In die Freude über das sofort rechtskräftige Urteil, gegen das die Staatsanwaltschaft keine weiteren Rechtsmittel einlegen kann, mischten sich bei Alvar Freude und seinem Anwalt Thomas Stadler leichte Besorgnis. Das Gericht war dem Anwalt in der Argumentation nicht gefolgt, dass man grundsätzlich zwischen referenzierenden Links und solchen unterscheiden muss, bei denen sich der Verlinkende die verlinkten Inhalte klar zu Eigen macht.

Auch bei der Frage, ob ein Verlinken grundsätzlich eine Zugänglichmachung und Verbreitung bedeutet, hat die Kammer überraschend klar geurteilt. "Der Linksetzer ist auch für die Inhalte der von seiner Dokumentation aus aufrufbaren Seiten strafrechtlich zunächst verantworltich", erklärte Eckert, "er ist ein Täter." Als Einzelperson könne er sich, anders als etwa Google, nicht auf eine abgestufte Verantwortlichkeit berufen, wie sie im Teledienstegesetz (TDG) für Internet- und Host-Provider geregelt sei. "Wir dürfen bei der Frage der Verantwortlichkeit auf die schriftliche Urteilsbegründung gespannt sein", meinte Stadler.

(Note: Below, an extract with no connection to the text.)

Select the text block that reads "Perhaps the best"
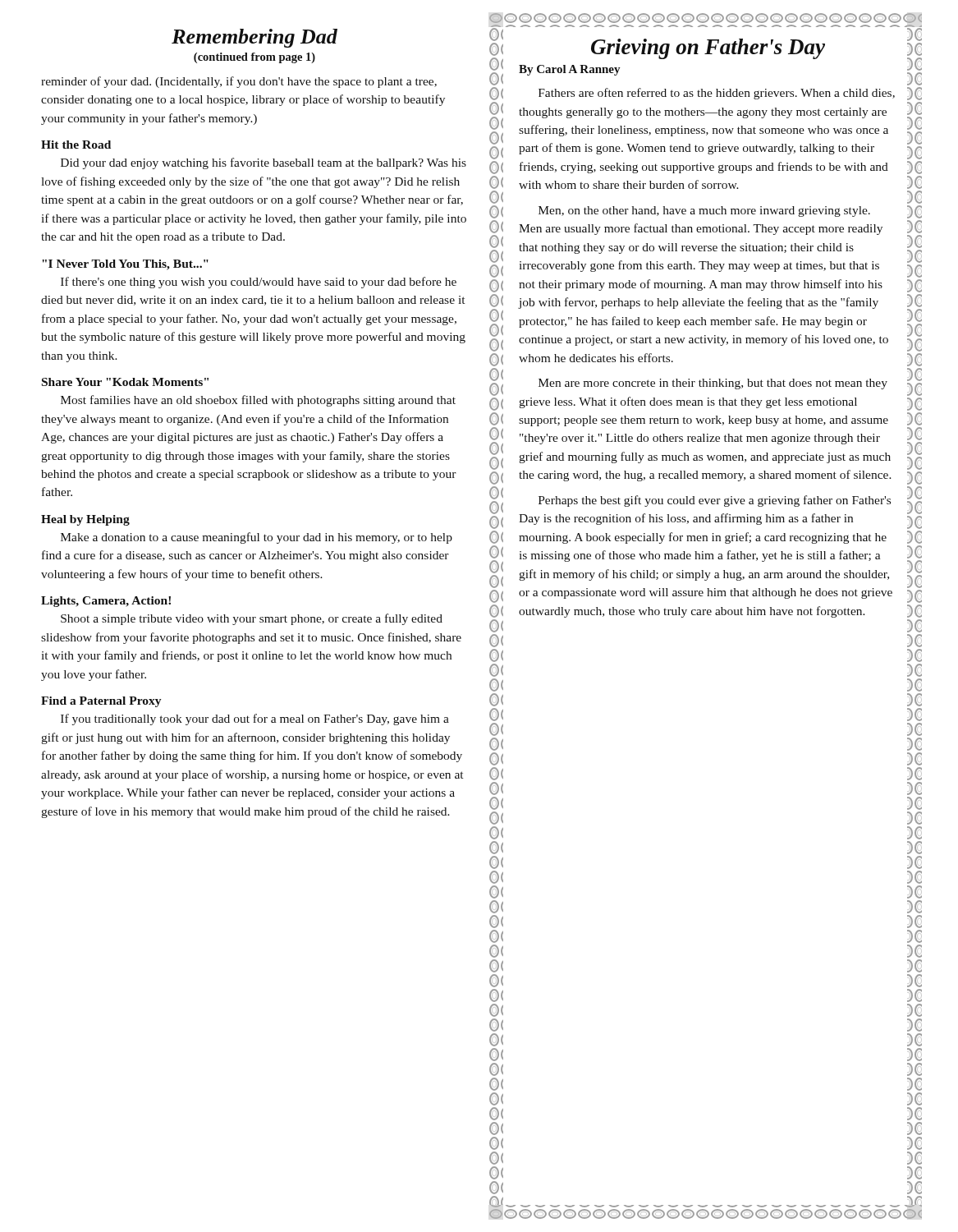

Gespannt auf diese ist auch Werner Doster, der Vertreter der Stuttgarter Generalstaatsanwaltschaft. Er sagte nach der Urteilsverkündung, es sei in der Tat nicht ganz auszuschließen, dass das Urteil auch auf den Stuttgarter "Hakenkreuzprozess" ausstrahlt. Im Fall des derzeit am OLG anhängigen Verfahrens gegen eine Firma aus Winnenden, die so genannte Antifa-Symbole, zum Beispiel durchgestrichene Hakenkreuze, vertreibt, gehe es allerdings um eine kommerzielle Tätigkeit. "Nach dem Urteil heute muss man sich vermutlich jedes der verschiedenen Symbole einzeln anschauen", meinte Doster. Fehlgeschlagen war im Fall Freude zuletzt noch der Versuch, eine Strafbarkeit nach Jugendschutzrecht zu konstruieren. Weder das zur "Tatzeit" geltende Gesetz noch der neue Jugendmedienschutzstaatsvertrag rechtfertigten eine Verurteilung, betonte Eckert, da jeweils eine schwere Jugendgefährdung vorausgesetzt würde. Angeschlossen hat sich das OLG schließlich auch der Landgerichtsentscheidung zu rotten.com, diese Seite erfülle nicht den Tatsbestand der Gewaltverherrlichung.